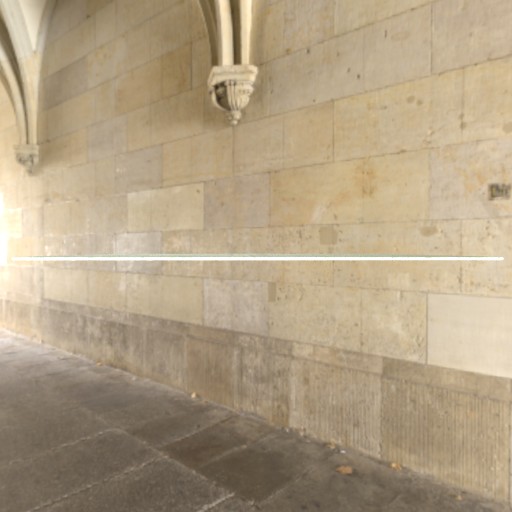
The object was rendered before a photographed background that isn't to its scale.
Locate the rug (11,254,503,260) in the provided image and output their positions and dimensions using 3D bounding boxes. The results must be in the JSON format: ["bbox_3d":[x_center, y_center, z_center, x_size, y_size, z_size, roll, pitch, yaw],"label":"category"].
[{"bbox_3d":[0.000,0.000,3.942,3.039,0.019,2.420,0,1,-1],"label":"rug"}]
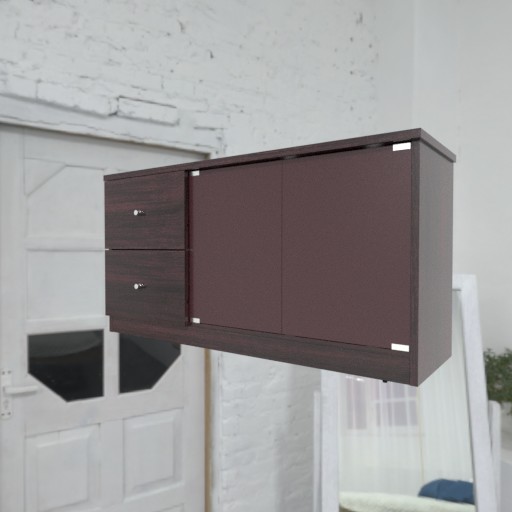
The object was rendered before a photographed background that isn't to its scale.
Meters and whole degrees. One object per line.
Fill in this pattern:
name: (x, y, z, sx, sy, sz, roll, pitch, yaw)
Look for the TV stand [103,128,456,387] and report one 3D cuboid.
TV stand: (0.000, 0.000, 1.522, 1.192, 0.614, 0.404, 1, 2, 35)
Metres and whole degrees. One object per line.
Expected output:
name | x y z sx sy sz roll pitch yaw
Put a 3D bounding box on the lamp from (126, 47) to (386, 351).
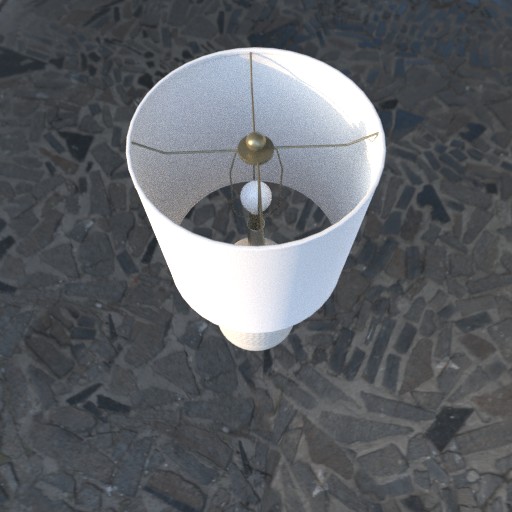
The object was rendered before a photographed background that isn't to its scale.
lamp | 0.000 0.000 0.498 0.188 0.392 0.188 33 68 15
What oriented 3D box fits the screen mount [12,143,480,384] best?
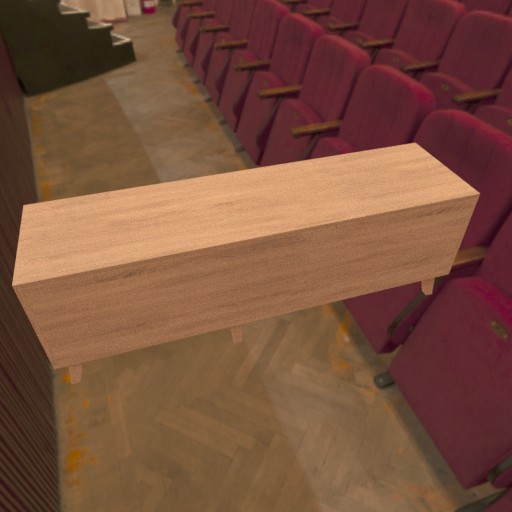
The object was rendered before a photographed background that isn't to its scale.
[{"bbox_3d":[0.000,0.000,1.672,1.500,0.510,0.400,-12,42,-13],"label":"screen mount"}]
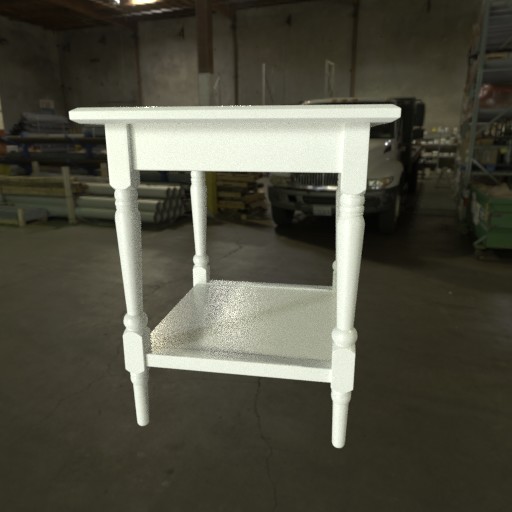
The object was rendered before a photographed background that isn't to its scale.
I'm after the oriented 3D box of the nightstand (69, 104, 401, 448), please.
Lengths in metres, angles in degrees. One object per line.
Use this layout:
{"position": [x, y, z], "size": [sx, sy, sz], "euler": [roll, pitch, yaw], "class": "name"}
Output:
● ● ●
» Exercise prompt: Show each line of the material where the word "name" occurs.

» Answer box:
name: (x, y, z, sx, sy, sz, roll, pitch, yaw)
name | x y z sx sy sz roll pitch yaw
{"position": [x, y, z], "size": [sx, sy, sz], "euler": [roll, pitch, yaw], "class": "name"}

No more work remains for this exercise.